National Blood Centre
- The Pusat Darah Negara logo

Agency overview
- Formed: 1955 as Blood Bank 1999 as National Blood Centre
- Type: Health institution
- Jurisdiction: Ministry of Health (Malaysia)
- Headquarters: Jalan Tun Razak, 50400 Kuala Lumpur, Malaysia.; 3°10′23″N 101°42′22″E﻿ / ﻿3.17306°N 101.70611°E;
- Motto: Derma Darah Menyelamatkan Nyawa (Donate Blood, Save Lives)
- Employees: ±500 staffs
- Minister responsible: Yang Berhormat Khairy Jamaluddin;
- Agency executives: Afifah Haji Hassan, MD, Director; Tun Maizura Mohd Fathullah, MD, Deputy Director I; Nor Nazahah Mahmud, MD, Deputy Director II; Nur Sharezal Roslan, Deputy Director (Management);
- Website: https://pdn.gov.my/v2/

Footnotes
- Call: 03-2693 3888 Fax: 03-2698 0362

= National Blood Centre (Malaysia) =

National Blood Centre of Malaysia (Malay language: Pusat Darah Negara; or its acronym, PDN) is a Malaysia’s premier blood centre for transfusion medicine and transplant.

==History==
Blood Bank Services in Malaysia has been initiated by a group of women volunteers of British Red Cross in 1955. Initially, the service was open on Wednesdays from 5:00 pm to 5:30 pm at the Kuala Lumpur General Hospital. On this initiative, a total of 25 to 44 donors were collected every month. Donors at that time consisted of members of the police, military, and government personnel.

After 15 years of the start of the service, as much as 5,830 units of blood and no less than 13,860 successful compatibility tests were done. Due to the increasing need of the service, the blood centre was moved to another building at Hospital Kuala Lumpur in 1971. The building is known as "National Blood Service Center" and was inaugurated in April 1972 by the Director General of Health, Ministry of Health. The National Blood Service Centre was put under the Ministry of Health and chaired by a Director. The director was responsible for all the blood services that include donor recruitment, blood collection, processing, testing, inventory management, and clinical transfusion.

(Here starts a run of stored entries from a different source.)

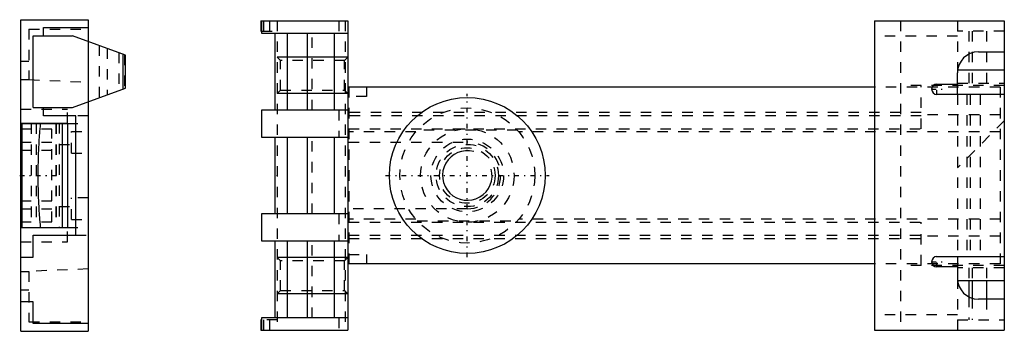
# Model space of a CAD drawing. Extents: x -43.1 to 51.7, y -15 to 15.
import ezdxf

# ---------------------------------------------------------------- set-up
doc = ezdxf.new("R2010")
doc.units = 0
doc.linetypes.add('CENTER', pattern=[1.5, 0.45, -0.5, 0.05, -0.5])
doc.linetypes.add('DASHED', pattern=[2, 1, -1])
for name, color, linetype in [('AM_0', 7, 'CONTINUOUS'), ('AM_10', 7, 'CONTINUOUS'), ('AM_3', 7, 'DASHED'), ('AM_7', 7, 'CENTER'), ('CONNECTIONPOINTS', 1, 'CONTINUOUS')]:
    doc.layers.add(name, color=color, linetype=linetype)

msp = doc.modelspace()

# ---------------------------------------------------------------- linework, layer by layer
at = {"layer": 'AM_0', "color": 7, "linetype": 'CONTINUOUS'}
for p, q in [((-43, 15), (-36.5, 15)), ((-43, -15), (-43, 15)), ((-40.8, 14.25), (-36.5, 14.25)), ((-40.8, 13.45), (-40.8, 14.25)), ((-36.5, 15), (-36.5, -15)), ((-19.882, 14.9), (-19.882, 13.9)), ((-19.882, 14.9), (-11.5, 14.9)), ((-19.8, 14.9), (-19.8, 13.7)), ((-11.5, 14.9), (-11.5, -14.9)), ((39.2, 14.9), (39.2, -14.9)), ((39.2, 14.9), (51.7, 14.9)), ((51.7, 14.9), (51.7, -14.9)), ((-41.8, 13.45), (-38, 13.45)), ((-41.8, 6.55), (-41.8, 13.45)), ((-32.915, 11.599), (-38, 13.45)), ((-19.882, 13.9), (-19.8, 13.9)), ((-19.8, 13.7), (-11.5, 13.7)), ((-18.502, 6.3), (-18.502, 13.7)), ((-17.3, 6.3), (-17.3, 13.7)), ((-15.398, 6.3), (-15.398, 13.7)), ((-12.8, 6.3), (-12.8, 13.7)), ((-33.165, 11.69), (-33.165, 8.31)), ((-32.915, 8.401), (-32.915, 11.599)), ((49.2, 11.9), (51.7, 11.9)), ((47.2, 7.8), (47.2, 9.9)), ((51.7, 10.15), (47.216, 10.15)), ((45.2, 8.8), (47.2, 8.8)), ((-38, 6.55), (-32.915, 8.401)), ((39.2, 8.5), (-11.5, 8.5)), ((51.7, 7.8), (45.2, 7.8)), ((-41.8, 6.55), (-38, 6.55)), ((-40.8, 5.75), (-40.8, 6.55)), ((-37.7, 5.75), (-40.8, 5.75)), ((-37.7, -5.75), (-37.7, 5.75)), ((-19.8, 6.3), (-19.8, 3.7)), ((-11.5, 6.3), (-19.8, 6.3)), ((-43, 5.05), (-38.5, 5.05)), ((-43, 5), (-38.5, 5)), ((-42.9, 5), (-42.9, -5)), ((-39, 5), (-39, -5)), ((-38.5, 5.05), (-38.5, -5.05)), ((-19.8, 3.7), (-11.5, 3.7)), ((-18.502, -3.7), (-18.502, 3.7)), ((-17.3, -3.7), (-17.3, 3.7)), ((-15.398, -3.7), (-15.398, 3.7)), ((-12.8, -3.7), (-12.8, 3.7)), ((-19.8, -3.7), (-19.8, -6.3)), ((-11.5, -3.7), (-19.8, -3.7)), ((-43, -5), (-38.5, -5)), ((-38.5, -5.05), (-43, -5.05)), ((-41.8, -5.75), (-37.7, -5.75)), ((-41.8, -7.85), (-41.8, -5.75)), ((-19.8, -6.3), (-11.5, -6.3)), ((-18.502, -13.7), (-18.502, -6.3)), ((-17.3, -13.7), (-17.3, -6.3)), ((-15.398, -13.7), (-15.398, -6.3)), ((-12.8, -13.7), (-12.8, -6.3)), ((-43, -7.85), (-41.8, -7.85)), ((39.2, -8.5), (-11.5, -8.5)), ((45.2, -7.8), (51.7, -7.8)), ((47.2, -7.8), (47.2, -9.9)), ((47.2, -8.8), (45.2, -8.8)), ((51.7, -10.15), (47.216, -10.15)), ((48.3, -10.15), (48.3, -11.686)), ((48.595, -10.15), (48.595, -11.806)), ((49.995, -10.15), (49.995, -11.9)), ((-41.8, -12.15), (-43, -12.15)), ((-41.8, -14.25), (-41.8, -12.15)), ((51.7, -11.9), (49.2, -11.9)), ((-19.882, -13.9), (-19.882, -14.9)), ((-19.8, -13.9), (-19.882, -13.9)), ((-19.8, -13.7), (-19.8, -14.9)), ((-11.5, -13.7), (-19.8, -13.7)), ((-43, -15), (-36.5, -15)), ((-36.5, -14.25), (-41.8, -14.25)), ((-19.882, -14.9), (-11.5, -14.9)), ((39.2, -14.9), (51.7, -14.9))]:
    msp.add_line(p, q, dxfattribs=at)
msp.add_circle((0, 0), 7.5, dxfattribs=at)
for centre, radius, start, end in [((49.2, 9.9), 2, 90, 180), ((45.2, 8.3), 0.5, 90, 270), ((45.2, -8.3), 0.5, 90, 270), ((49.2, -9.9), 2, 180, 270)]:
    msp.add_arc(centre, radius, start, end, dxfattribs=at)
at = {"layer": 'AM_10', "color": 7, "linetype": 'CONTINUOUS'}
for p, q in [((-11.5, 11.4), (-18.3, 11.4)), ((-11.5, 7.9), (-18.3, 7.9)), ((-11.5, -7.9), (-18.3, -7.9)), ((-11.5, -11.4), (-18.3, -11.4))]:
    msp.add_line(p, q, dxfattribs=at)
msp.add_arc((0, 0), 2.386, 75, 15, dxfattribs=at)
at = {"layer": 'AM_3', "color": 6, "linetype": 'DASHED'}
for p, q in [((-19.871, 14.9), (-19.871, 13.9)), ((-19.632, 14.9), (-19.632, 13.9)), ((-19.056, 14.9), (-19.056, 13.9)), ((-18.3, 14.9), (-18.3, -14.9)), ((-12.357, 14.9), (-12.357, 13.7)), ((-11.762, 14.9), (-11.762, -14.9)), ((41.7, 14.9), (41.7, -14.9)), ((47.2, 14.9), (47.2, 8.8)), ((-42.2, 14.1), (-36.5, 14.1)), ((-42.2, 14.1), (-42.2, 9.23)), ((-19.8, 13.9), (-18.3, 13.9)), ((-14.938, 6.3), (-14.938, 13.7)), ((47.2, 13.4), (39.2, 13.4)), ((51.7, 13.9), (47.2, 13.9)), ((48.3, 13.9), (48.3, 8.9)), ((48.595, 13.9), (48.595, 8.9)), ((49.995, 13.9), (49.995, 8.9)), ((-36.5, 12.904), (-36.5, 7.096)), ((-35.447, 12.521), (-35.447, 7.479)), ((-34.663, 12.236), (-34.663, 7.764)), ((-33.55, 11.83), (-33.55, 8.17)), ((-32.989, 11.626), (-32.989, 8.374)), ((-17.975, 11.075), (-18.3, 11.4)), ((-11.5, 11.4), (-11.825, 11.075)), ((-43, 11), (-42.2, 11)), ((-11.825, 11.075), (-17.975, 11.075)), ((-17.975, 8.225), (-17.975, 11.075)), ((-11.825, 8.225), (-11.825, 11.075)), ((47.216, 10.15), (47.2, 10.15)), ((-43, 9.23), (-42.2, 9.23)), ((-42.2, 9.23), (-36.5, 8.992)), ((51.7, 8.65), (41.7, 8.65)), ((43.7, 4.5), (43.7, 8.65)), ((47.2, 8.9), (51.7, 8.9)), ((-18.3, 7.9), (-17.975, 8.225)), ((-17.975, 8.225), (-11.825, 8.225)), ((-11.825, 8.225), (-11.5, 7.9)), ((-11.4, 8.5), (-11.4, -8.5)), ((-9.7, 7.6), (-11.4, 7.6)), ((-9.7, 8.5), (-9.7, 7.6)), ((51.3, 8.5), (39.2, 8.5)), ((47.2, 7.8), (47.2, -7.8)), ((48.1, 7.8), (48.1, -7.8)), ((48.411, 7.8), (48.411, -7.8)), ((49.386, 7.8), (49.386, -7.8)), ((51.3, 8.5), (51.3, -8.5)), ((-43, 6.4), (-38.5, 6.4)), ((-38.5, 5.05), (-38.5, 6.4)), ((-36.5, 5.75), (-37.7, 5.75)), ((-12.357, 6.3), (-12.357, 3.7)), ((-11.4, 5.838), (-11.5, 5.838)), ((43.7, 6.07), (-11.4, 6.07)), ((43.7, 5.73), (-11.4, 5.73)), ((51.3, 5.838), (43.7, 5.838)), ((-42, 5), (-42, -5)), ((-41.5, 5), (-41.5, -5)), ((-39.6, 5), (-39.6, -5)), ((-39.57, 5), (-39.57, -5)), ((-39.3, 5.05), (-39.3, -5.05)), ((-38.5, 5), (-36.5, 5)), ((51.7, 5.25), (47.2, 0.75)), ((-40, 4.45), (-43, 4.45)), ((-40, -4.45), (-40, 4.45)), ((-38.1, 4.25), (-36.5, 4.25)), ((-38.1, 2.142), (-38.1, 4.25)), ((-4.961, 4.2), (-11.5, 4.2)), ((-11.4, 4.5), (43.7, 4.5)), ((4.822, 4.358), (-4.822, 4.358)), ((51.3, 4.2), (4.961, 4.2)), ((-43, 3.2), (-40, 3.2)), ((-39.3, 3), (-38.1, 3)), ((-14.938, -3.7), (-14.938, 3.7)), ((-11.4, 3.2), (0, 3.2)), ((-43, 2.45), (-40, 2.45)), ((-38.1, 2.142), (-36.5, 2.142)), ((-43, -2.45), (-40, -2.45)), ((-36.5, -2.142), (-38.1, -2.142)), ((-38.1, -4.25), (-38.1, -2.142)), ((-43, -3.2), (-40, -3.2)), ((-39.3, -3), (-38.1, -3)), ((-12.357, -3.7), (-12.357, -6.3)), ((0, -3.2), (-11.4, -3.2)), ((-43, -4.45), (-40, -4.45)), ((-38.1, -4.25), (-36.5, -4.25)), ((-4.961, -4.2), (-11.5, -4.2)), ((-11.4, -4.5), (43.7, -4.5)), ((-4.822, -4.358), (4.822, -4.358)), ((51.3, -4.2), (4.961, -4.2)), ((43.7, -8.65), (43.7, -4.5)), ((-41.077, -5), (-39.6, -5)), ((-38.5, -5), (-36.5, -5)), ((-38.5, -6.4), (-38.5, -5.05)), ((-43, -6.4), (-38.5, -6.4)), ((-37.7, -5.75), (-36.5, -5.75)), ((-14.938, -13.7), (-14.938, -6.3)), ((-11.4, -5.838), (-11.5, -5.838)), ((-11.4, -5.73), (43.7, -5.73)), ((-11.4, -6.07), (43.7, -6.07)), ((51.3, -5.838), (43.7, -5.838)), ((-17.975, -8.225), (-18.3, -7.9)), ((-11.825, -8.225), (-17.975, -8.225)), ((-17.975, -11.075), (-17.975, -8.225)), ((-11.5, -7.9), (-11.825, -8.225)), ((-11.825, -11.075), (-11.825, -8.225)), ((-11.4, -7.6), (-9.7, -7.6)), ((-9.7, -7.6), (-9.7, -8.5)), ((51.3, -8.5), (39.2, -8.5)), ((-43, -9.23), (-42.2, -9.23)), ((-36.5, -8.992), (-42.2, -9.23)), ((-42.2, -9.23), (-42.2, -14.1)), ((51.7, -8.65), (41.7, -8.65)), ((51.7, -8.9), (47.2, -8.9)), ((48.3, -8.9), (48.3, -10.15)), ((48.595, -8.9), (48.595, -10.15)), ((49.995, -8.9), (49.995, -10.15)), ((47.2, -9.9), (47.2, -14.9)), ((47.216, -10.15), (47.2, -10.15)), ((-43, -11), (-42.2, -11)), ((-18.3, -11.4), (-17.975, -11.075)), ((-17.975, -11.075), (-11.825, -11.075)), ((-11.825, -11.075), (-11.5, -11.4)), ((48.3, -11.686), (48.3, -13.9)), ((48.595, -11.806), (48.595, -13.9)), ((49.995, -11.9), (49.995, -13.9)), ((-42.2, -14.1), (-36.5, -14.1)), ((-19.871, -13.9), (-19.871, -14.9)), ((-18.3, -13.9), (-19.8, -13.9)), ((-19.632, -13.9), (-19.632, -14.9)), ((-19.056, -13.9), (-19.056, -14.9)), ((-12.357, -13.7), (-12.357, -14.9)), ((47.2, -13.4), (39.2, -13.4)), ((47.2, -13.9), (51.7, -13.9))]:
    msp.add_line(p, q, dxfattribs=at)
msp.add_lwpolyline([(-41.077, -5), (-41.103, -4.743), (-41.15, -4.216), (-41.192, -3.673), (-41.21, -3.397), (-41.227, -3.118), (-41.257, -2.555), (-41.28, -1.989), (-41.298, -1.424), (-41.309, -0.865), (-41.315, -0.308), (-41.316, -0.025), (-41.315, 0.261), (-41.309, 0.838), (-41.298, 1.42), (-41.28, 2), (-41.256, 2.576), (-41.226, 3.143), (-41.208, 3.422), (-41.19, 3.697), (-41.148, 4.234), (-41.102, 4.75), (-41.077, 5)], dxfattribs=at)
for radius in [6.5, 4.5, 3.5, 3, 2.675]:
    msp.add_circle((0, 0), radius, dxfattribs=at)
msp.add_arc((0, 0), 3.2, 270, 90, dxfattribs=at)
at = {"layer": 'AM_7', "color": 4, "linetype": 'CENTER'}
for p, q in [((45.2, 7.775), (45.2, 8.825)), ((0, -7.875), (0, 7.875)), ((44.675, 8.3), (45.725, 8.3)), ((-43.095, 0), (-38.475, 0)), ((-7.875, 0), (7.875, 0)), ((44.675, -8.3), (45.725, -8.3)), ((45.2, -8.825), (45.2, -7.775))]:
    msp.add_line(p, q, dxfattribs=at)
at = {"layer": 'CONNECTIONPOINTS', "color": 1, "linetype": 'CONTINUOUS'}
for p in [(0, 0), (-43, 0, 10.5), (-18.3, 0, 10.5)]:
    msp.add_point(p, dxfattribs=at)

doc.saveas('drawing.dxf')

Starting in 1975, the Blood Services Center has played an important role in the standardization of work procedures, methodology, reagent and blood bank equipment in new facilities. In 2002, National Blood Centre was built in Jalan Tun Razak and it was inaugurated by the Prime Minister Mahathir Mohamad's wife Siti Hasmah Mohamad Ali.

===Objectives===
Creating and maintaining a safe blood donors. Provides blood, blood components that are safe, adequate and appropriate screening procedures in practice and storage in accordance with international standards. Ensure optimal patient care through the use of blood and blood products as appropriate. Establish and maintain cooperative relations through training, research and development in line with the needs of the practice and the latest technology in the medical field to date.